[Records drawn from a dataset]
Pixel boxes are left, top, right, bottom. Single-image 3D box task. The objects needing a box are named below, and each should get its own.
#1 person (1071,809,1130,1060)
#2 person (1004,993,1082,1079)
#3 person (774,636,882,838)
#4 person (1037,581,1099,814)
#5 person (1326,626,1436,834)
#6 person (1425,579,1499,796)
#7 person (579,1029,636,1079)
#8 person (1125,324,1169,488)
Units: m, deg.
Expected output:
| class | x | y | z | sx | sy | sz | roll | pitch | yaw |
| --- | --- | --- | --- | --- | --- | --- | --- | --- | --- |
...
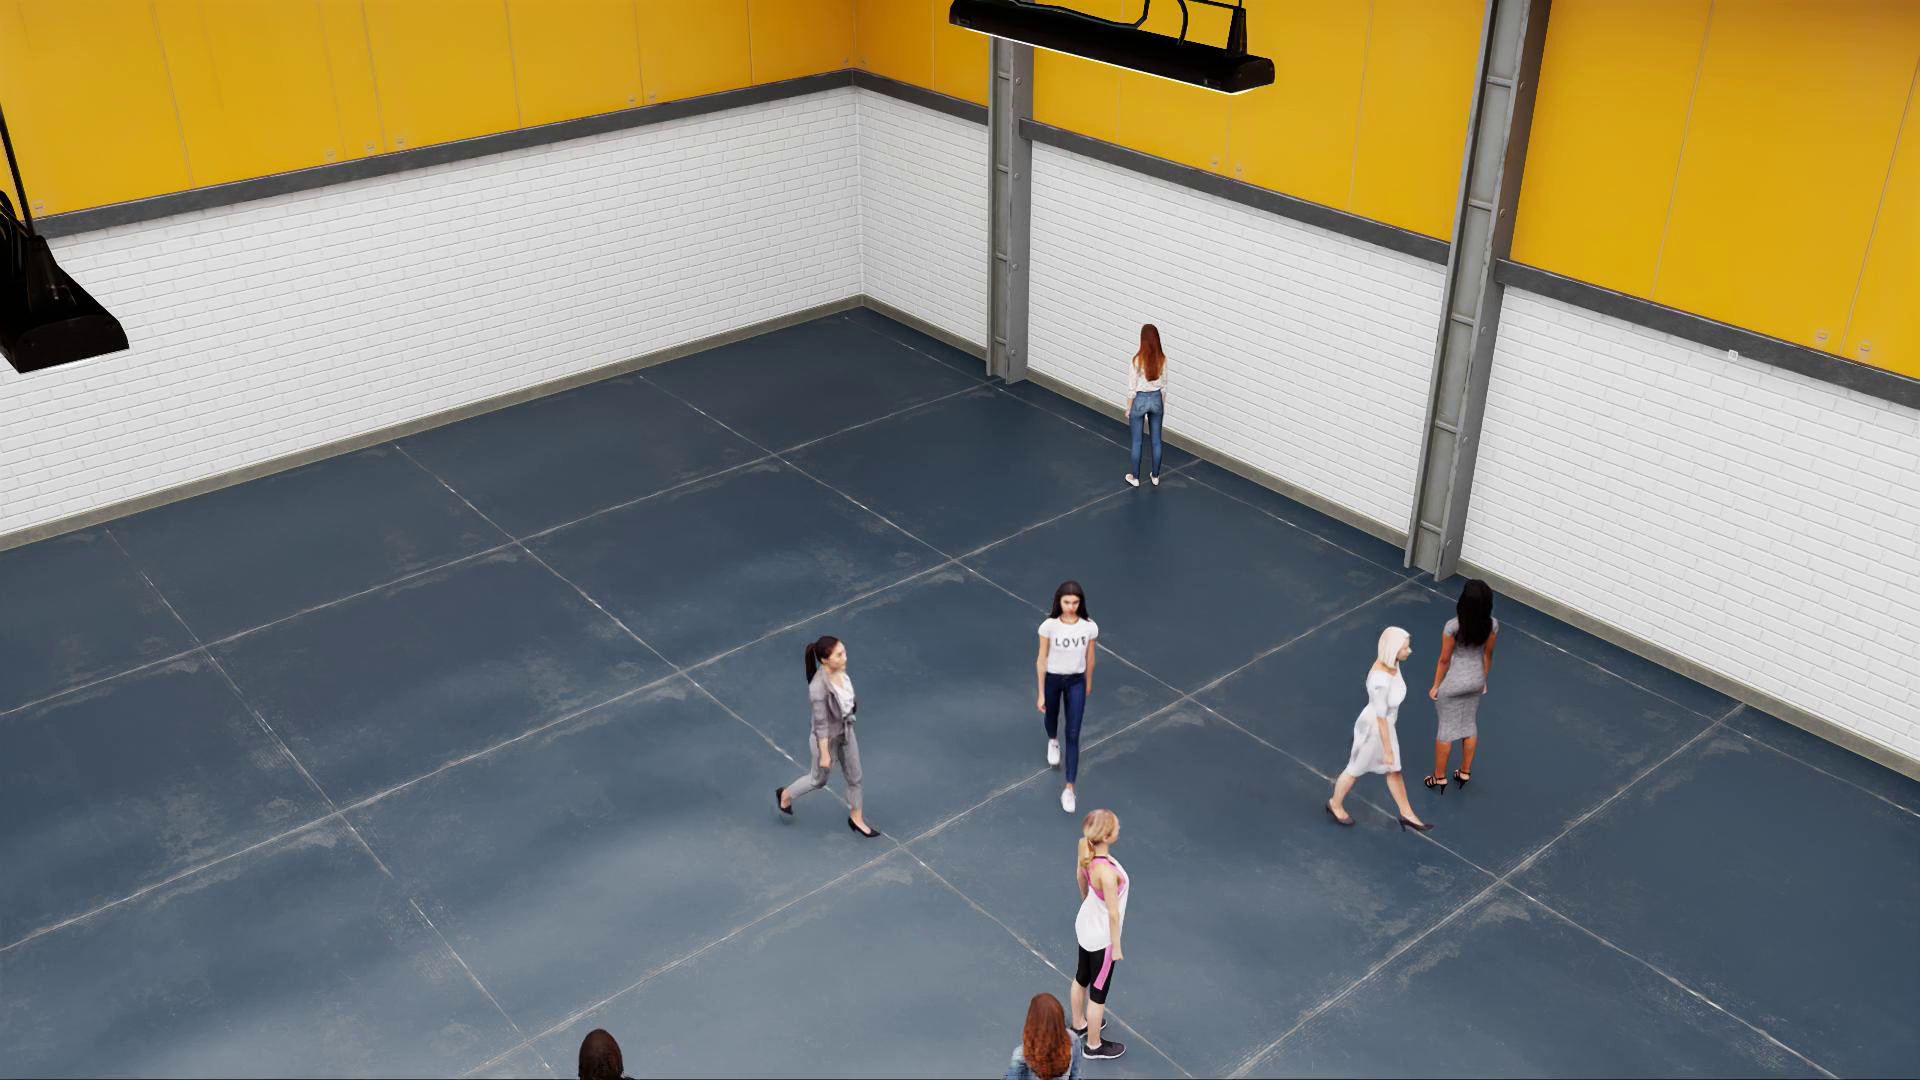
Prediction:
| class | x | y | z | sx | sy | sz | roll | pitch | yaw |
| --- | --- | --- | --- | --- | --- | --- | --- | --- | --- |
| person | 0.810 | 2.339 | 9.910 | 0.724 | 1.787 | 0.567 | -11 | 30 | -19 |
| person | 0.482 | 3.079 | 8.899 | 0.614 | 1.456 | 0.807 | -18 | 33 | -29 |
| person | -0.984 | 1.397 | 11.779 | 1.145 | 1.649 | 0.949 | 10 | 30 | 18 |
| person | 0.743 | 1.049 | 12.343 | 1.068 | 1.722 | 1.188 | 0 | 29 | 0 |
| person | 2.862 | 1.348 | 11.801 | 1.085 | 1.715 | 0.840 | 14 | 32 | 24 |
| person | 3.682 | 1.080 | 12.224 | 0.674 | 1.781 | 0.683 | -6 | 29 | -10 |
| person | -1.777 | 3.232 | 8.461 | 0.830 | 1.606 | 1.142 | -10 | 30 | -18 |
| person | 1.885 | -1.356 | 16.747 | 0.650 | 1.725 | 0.659 | -5 | 29 | -9 |

> [WORK REQUIRED]: Beginning with the line that has "#7 person (579,1029,636,1079)", repeat each remaining line of the data above word for word, keeping pictures out.

> [SOLUTION FOR THIS EXERCISE]:
#7 person (579,1029,636,1079)
#8 person (1125,324,1169,488)
Units: m, deg.
Expected output:
| class | x | y | z | sx | sy | sz | roll | pitch | yaw |
| --- | --- | --- | --- | --- | --- | --- | --- | --- | --- |
...
Prediction:
| class | x | y | z | sx | sy | sz | roll | pitch | yaw |
| --- | --- | --- | --- | --- | --- | --- | --- | --- | --- |
| person | 0.810 | 2.339 | 9.910 | 0.724 | 1.787 | 0.567 | -11 | 30 | -19 |
| person | 0.482 | 3.079 | 8.899 | 0.614 | 1.456 | 0.807 | -18 | 33 | -29 |
| person | -0.984 | 1.397 | 11.779 | 1.145 | 1.649 | 0.949 | 10 | 30 | 18 |
| person | 0.743 | 1.049 | 12.343 | 1.068 | 1.722 | 1.188 | 0 | 29 | 0 |
| person | 2.862 | 1.348 | 11.801 | 1.085 | 1.715 | 0.840 | 14 | 32 | 24 |
| person | 3.682 | 1.080 | 12.224 | 0.674 | 1.781 | 0.683 | -6 | 29 | -10 |
| person | -1.777 | 3.232 | 8.461 | 0.830 | 1.606 | 1.142 | -10 | 30 | -18 |
| person | 1.885 | -1.356 | 16.747 | 0.650 | 1.725 | 0.659 | -5 | 29 | -9 |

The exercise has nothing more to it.